Token Counting Accuracy
Section titled “Token Counting Accuracy”Accurate cost reporting requires distinguishing three token categories: cache write (1.25x), cache read (0.1x), and uncached (1x) for Anthropic. Aider hardcodes the multipliers rather than reading them from model metadata (base_coder.py:2087–2090).
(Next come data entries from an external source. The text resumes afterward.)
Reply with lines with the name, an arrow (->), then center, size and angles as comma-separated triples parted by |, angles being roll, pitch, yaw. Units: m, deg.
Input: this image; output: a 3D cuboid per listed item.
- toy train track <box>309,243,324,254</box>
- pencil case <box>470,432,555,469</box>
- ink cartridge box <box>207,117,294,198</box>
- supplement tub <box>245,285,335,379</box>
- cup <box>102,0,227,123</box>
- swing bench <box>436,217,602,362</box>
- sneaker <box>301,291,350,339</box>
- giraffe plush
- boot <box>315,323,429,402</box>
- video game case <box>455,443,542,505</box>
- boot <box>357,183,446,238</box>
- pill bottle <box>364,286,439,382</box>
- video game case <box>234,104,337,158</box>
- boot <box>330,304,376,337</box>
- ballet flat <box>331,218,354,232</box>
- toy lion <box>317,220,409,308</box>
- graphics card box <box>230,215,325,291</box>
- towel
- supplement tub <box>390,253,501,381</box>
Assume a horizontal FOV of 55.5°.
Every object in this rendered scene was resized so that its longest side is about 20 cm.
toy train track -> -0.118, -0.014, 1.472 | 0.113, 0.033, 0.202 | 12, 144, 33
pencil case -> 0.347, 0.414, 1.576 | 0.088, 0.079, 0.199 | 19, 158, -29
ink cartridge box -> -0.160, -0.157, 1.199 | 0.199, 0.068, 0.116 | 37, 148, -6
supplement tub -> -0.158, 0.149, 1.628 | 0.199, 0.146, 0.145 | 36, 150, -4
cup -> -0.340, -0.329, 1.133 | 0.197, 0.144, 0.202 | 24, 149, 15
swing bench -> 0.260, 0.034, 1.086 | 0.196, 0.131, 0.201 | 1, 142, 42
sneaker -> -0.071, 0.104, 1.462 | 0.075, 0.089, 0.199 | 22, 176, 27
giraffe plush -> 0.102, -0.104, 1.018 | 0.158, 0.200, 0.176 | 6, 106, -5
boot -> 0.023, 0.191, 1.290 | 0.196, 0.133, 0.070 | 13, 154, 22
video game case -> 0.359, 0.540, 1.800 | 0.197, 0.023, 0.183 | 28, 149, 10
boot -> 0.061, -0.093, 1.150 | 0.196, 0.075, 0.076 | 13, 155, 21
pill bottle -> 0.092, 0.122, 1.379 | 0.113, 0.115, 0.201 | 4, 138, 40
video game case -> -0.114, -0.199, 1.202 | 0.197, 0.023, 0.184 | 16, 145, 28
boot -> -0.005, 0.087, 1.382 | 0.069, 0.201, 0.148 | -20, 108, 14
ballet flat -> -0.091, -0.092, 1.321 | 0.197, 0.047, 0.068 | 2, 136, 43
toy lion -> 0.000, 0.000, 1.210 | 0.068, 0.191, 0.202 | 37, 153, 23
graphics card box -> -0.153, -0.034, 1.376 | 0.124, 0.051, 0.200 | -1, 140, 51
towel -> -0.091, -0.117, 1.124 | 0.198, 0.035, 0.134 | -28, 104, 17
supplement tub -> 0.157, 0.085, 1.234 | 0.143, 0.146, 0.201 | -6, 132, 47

If Anthropic changes pricing, the cost display will be wrong until the code is updated.
OpenOxide Blueprint
Section titled “OpenOxide Blueprint”Crate: openoxide-cache
Section titled “Crate: openoxide-cache”A provider-agnostic caching abstraction that handles marker injection, cache key management, and cost tracking.
Core Trait
Section titled “Core Trait”pub trait CacheStrategy: Send + Sync { /// Inject provider-specific cache markers into the message list. fn apply_markers(&self, messages: &mut Vec<Message>);
/// Return the cache key for this session, if the provider supports it. fn cache_key(&self) -> Option<String>;
/// Compute cost given token breakdown. fn compute_cost(&self, usage: &CacheTokenUsage, pricing: &ModelPricing) -> f64;}Provider Implementations
Section titled “Provider Implementations”pub struct AnthropicCacheStrategy { /// Positions to place cache_control markers (indices into message vec). breakpoints: Vec<BreakpointRule>,}
pub struct OpenAICacheStrategy { session_id: String,}
pub struct NoCacheStrategy; // For providers without caching supportBreakpointRule would encode the logic: “last message in the system section”, “last message in the repo section”, etc. — mirroring Aider’s ChatChunks approach but as configuration rather than hardcoded logic.
Token Usage Tracking
Section titled “Token Usage Tracking”pub struct CacheTokenUsage { pub input_tokens: u64, pub cached_read_tokens: u64, pub cached_write_tokens: u64, pub output_tokens: u64,}Cost computation should read multipliers from model metadata (not hardcode them), falling back to known defaults: Anthropic write = 1.25x, Anthropic read = 0.10x, OpenAI read = free.
Cache Warming
Section titled “Cache Warming”Implement as an optional tokio::task that sends periodic max_tokens=1 requests:
pub struct CacheWarmer { interval: Duration, // Default: 295 seconds max_pings: u32, // 0 = disabled model: ModelConfig, prefix: Vec<Message>, // Frozen prefix to send}
impl CacheWarmer { pub fn spawn(self) -> JoinHandle<()> { tokio::spawn(async move { let mut remaining = self.max_pings; while remaining > 0 { tokio::time::sleep(self.interval).await; // Send minimal completion with frozen prefix remaining -= 1; } }) }}The warmer should be cancellable (via tokio::select! with a shutdown signal) and should log cache hit rates from ping responses.
Message Assembly
Section titled “Message Assembly”Follow Codex’s approach of keeping a stable prefix and appending new content:
pub struct PromptBuilder { /// Frozen prefix — system prompt, instructions, repo map. /// Only rebuilt when explicitly invalidated. prefix: Vec<Message>, prefix_hash: u64,
/// Dynamic suffix — user messages, tool results. suffix: Vec<Message>,}
impl PromptBuilder { pub fn build(&self) -> Vec<Message> { let mut msgs = self.prefix.clone(); msgs.extend(self.suffix.iter().cloned()); msgs }
pub fn invalidate_prefix(&mut self) { // Called when repo map changes, files are added, etc. self.prefix_hash = 0; }}Track the prefix hash to detect when cache invalidation occurs, and log a warning so users know their costs may increase.
Crates
Section titled “Crates”- tree-sitter — Not directly involved, but repo map changes (which trigger cache invalidation) come from tree-sitter diffs.
- tokio — For the cache warming background task.
- serde/serde_json — For serializing provider-specific cache control markers.
- blake3 or xxhash — For fast prefix hashing to detect invalidation.